“For now we see in a mirror, dimly, but then we will see face to face. Now I know only in part; then I will know fully, even as I have been fully known.” 1 Corinthians 13:12
It’s interesting to watch infants develop. As the days turn into weeks and the weeks turn into months new discoveries are made. They see themselves in the mirror for the first time; they discover their hands; they find their belly buttons. They begin the long journey of coming to know themselves.
This process doesn’t end with infancy, there’s so much for children to learn. Who are my parents? My family? Who and I? You could say that we spend our whole lives coming to know ourselves…it never ends. It’s as Paul says, “we see in a mirror, dimly.” There’s always some part of us that’s not illuminated enough for us to see. An edge is always fuzzy; the perspective is a bit off. And so we continue our quest begun in infancy to come to know ourselves. We study, we ask questions, we go off to find ourselves, we reinvent ourselves, and we return to our roots. How do I know who I am?
It is indeed interesting to watch infants, and other ages for that matter, seek to know who they are. It’s also interesting to journey with folks at the other end of life; in their twilight years. Just the other day I took a nice long stroll with a dear saint. We talked about so much; it was delightful.

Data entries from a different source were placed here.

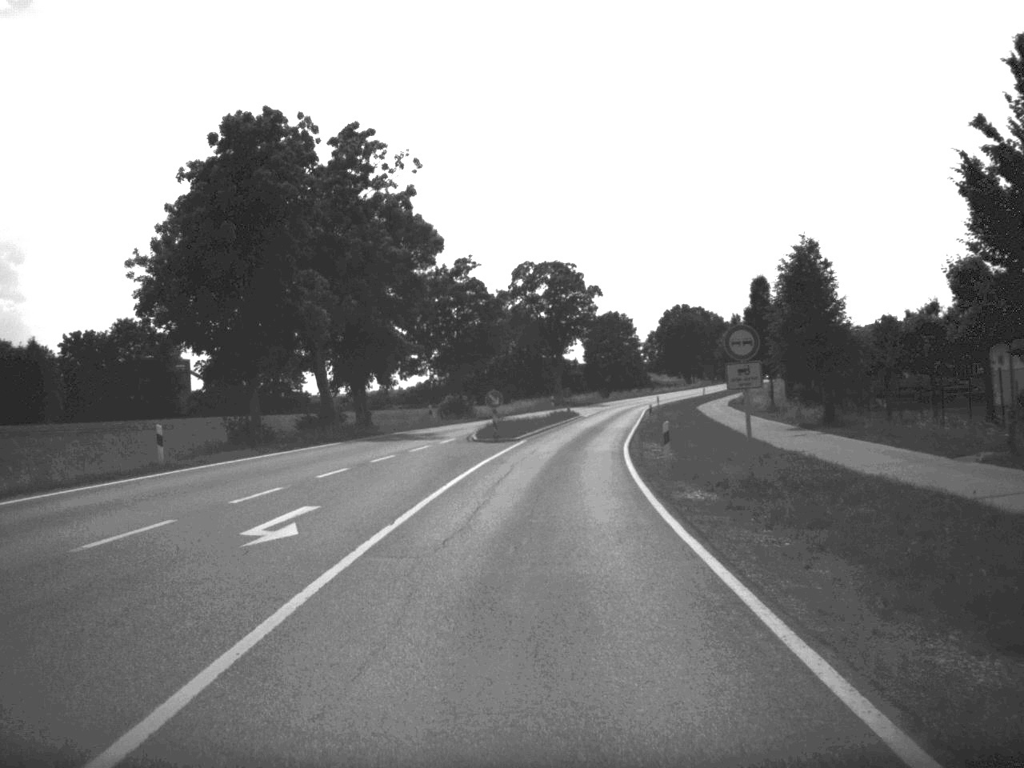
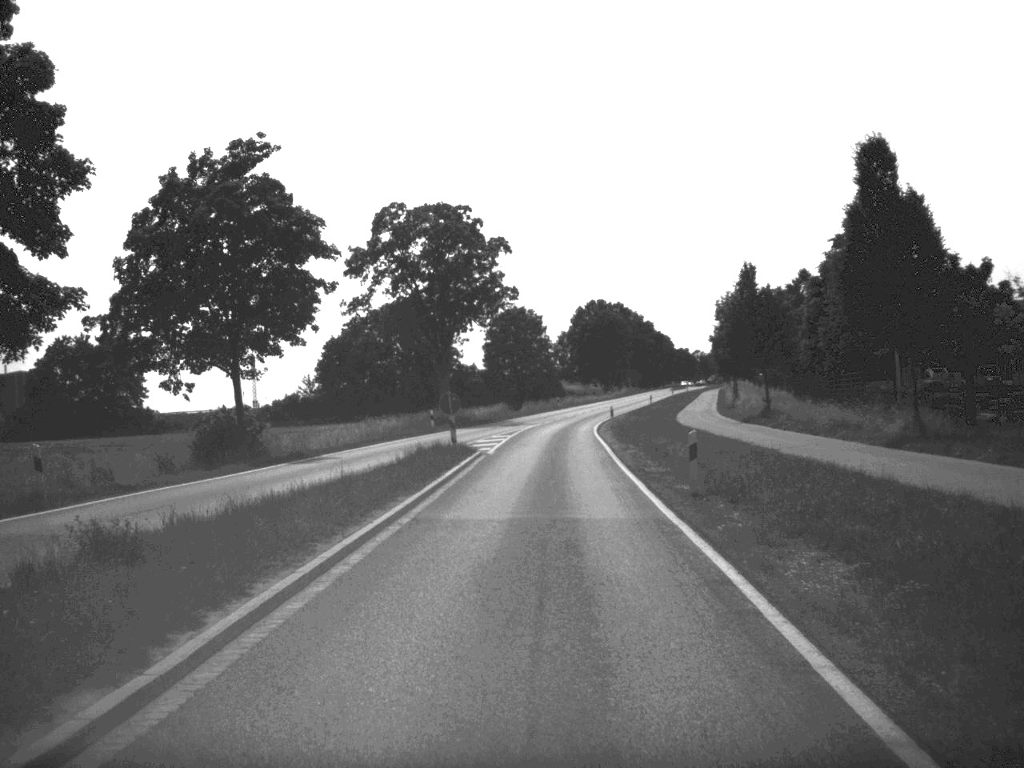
(+1.7, +41.9) m; +4°
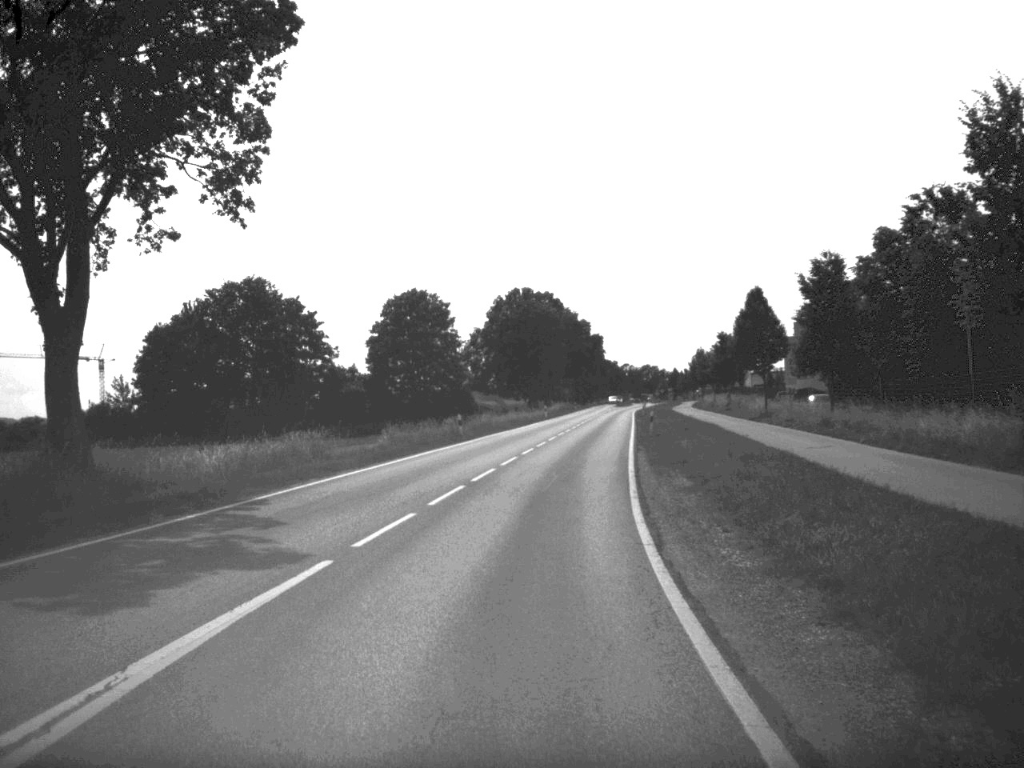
(+1.8, +56.4) m; +4°
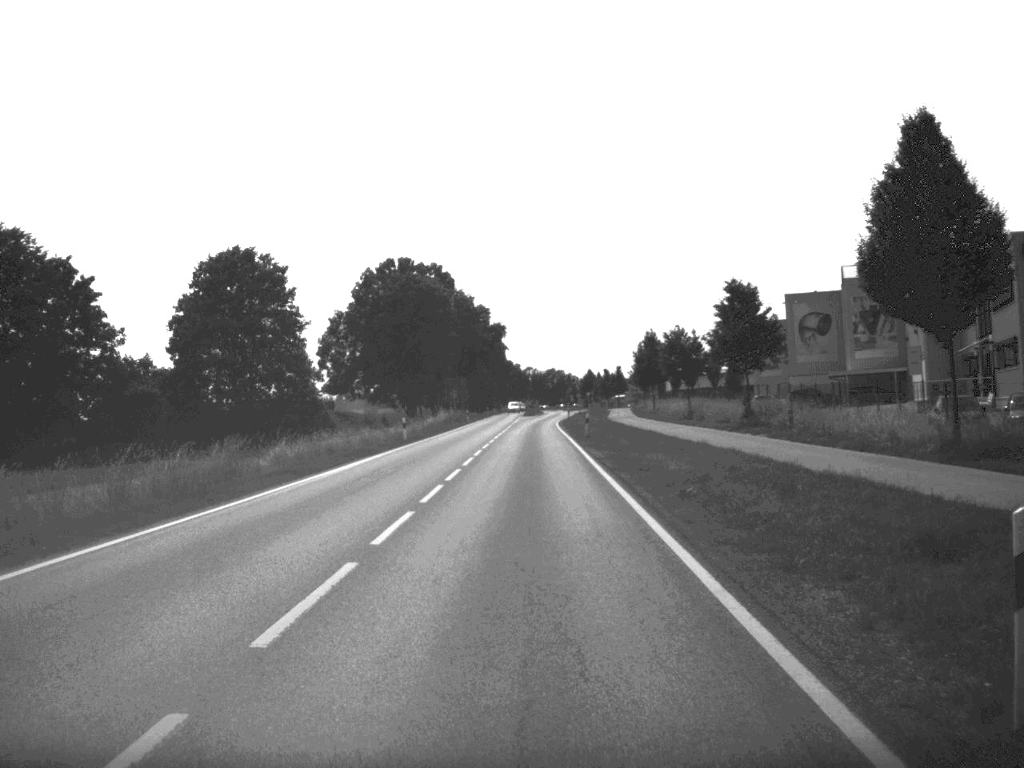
(+2.3, +47.3) m; +4°
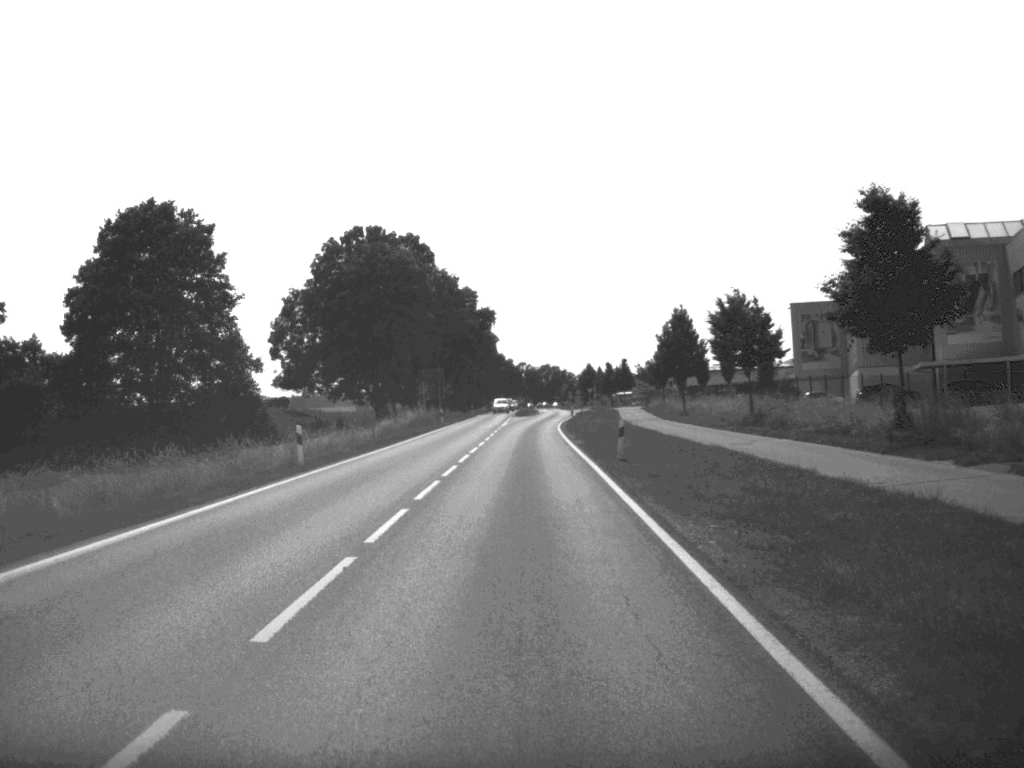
(+0.1, +23.6) m; 0°
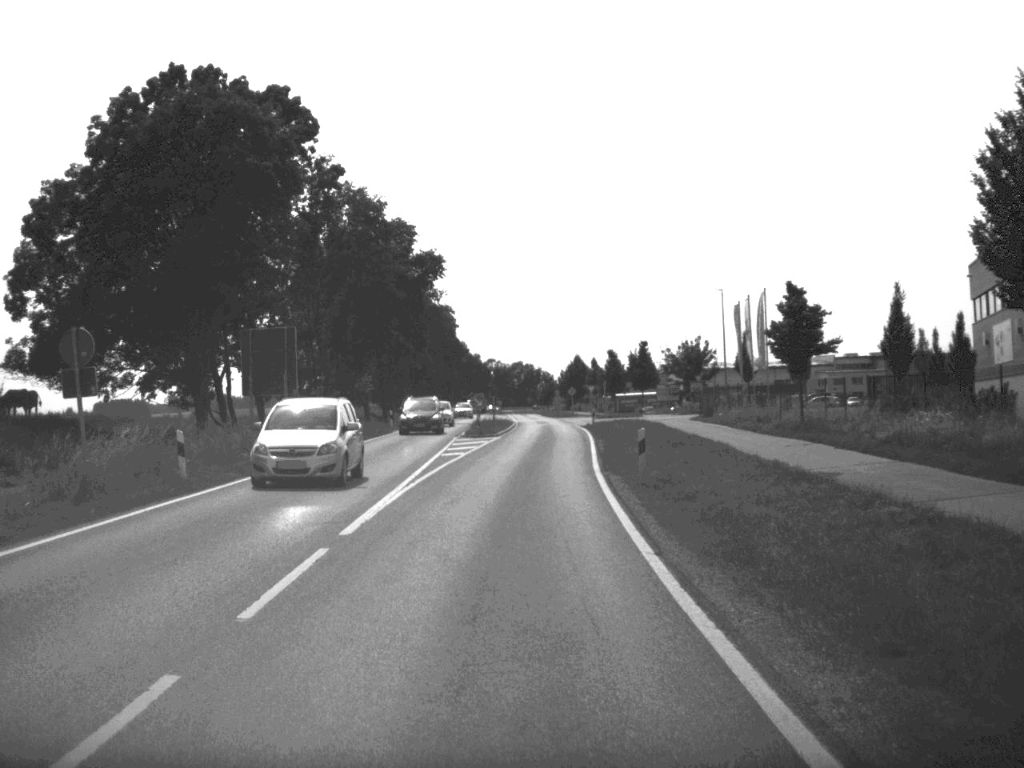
(+0.2, +58.2) m; +1°
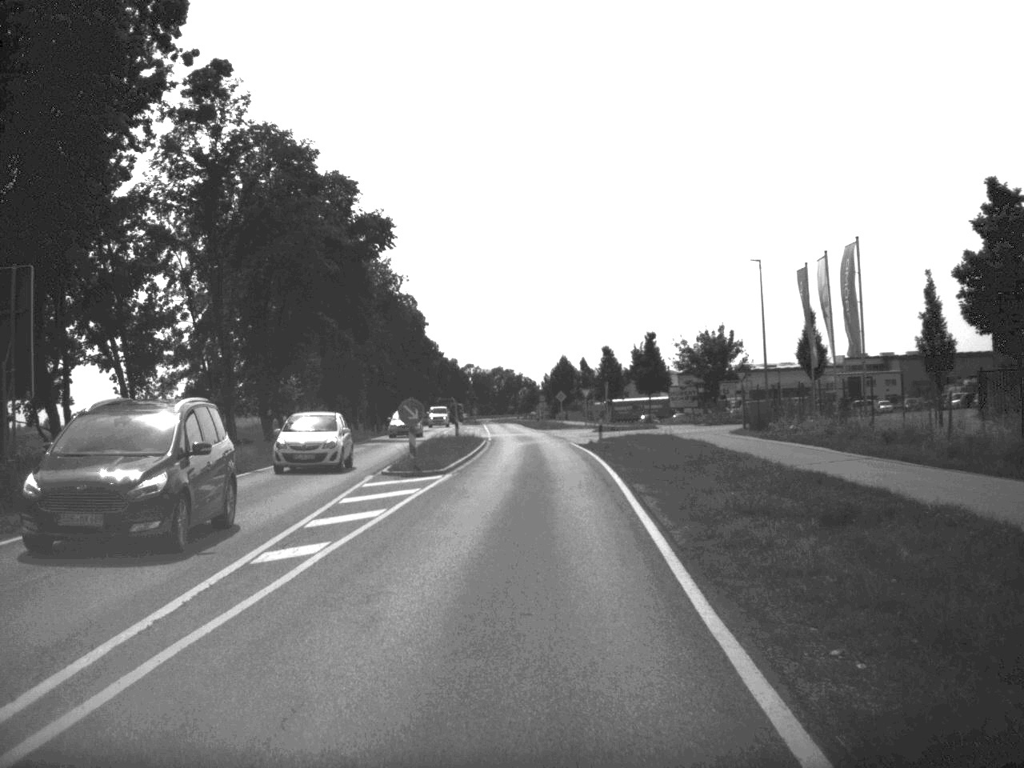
(+0.2, +22.5) m; +1°

But one thing became clear; she didn’t know who I was, and to be honest, she didn’t fully know who she was either. Its one of life’s cruel twists; if you live long enough sometimes you don’t know who you are anymore. Anyone who’s been around someone with dementia or alzheimer’s knows this all too well.
I shared with this dear saint Psalm 139, the Inescapable God: “O Lord, you have searched me and know me. You know when I sit down and when I rise up; you discern my thoughts from far away. You search out my path and my lying down, and are acquainted with all my ways. Even before a word is on my tongue, O Lord, you know it completely. You hem me in, behind and before, and lay your hand upon me. Such knowledge is too wonderful for me; it is so high that I cannot attain it.”
As we prayed I thought about this Psalm and about 1 Corinthians 13. Throughout the cruel twists and turns of this life we may very well feel as if we’ve lost ourselves. But the truth is this, when you don’t know who you are, God knows who you are. While we may not know ourselves, we are known by God. Again and again the big message of Scripture is not who we are; we’ll always come up short in that department. No, the big message of Scripture is whose we are. That is the never ending well spring of life that bubbles up to eternity. It’s not who we are but whose we are that counts. We are God’s, and when we are named and claimed by him nothing can ever change that fact. So no matter if you’re a little baby, an ageing senior, or anywhere in between, you are God’s. So rest assured that no matter where you are in life and no matter what is going on, with God you are known.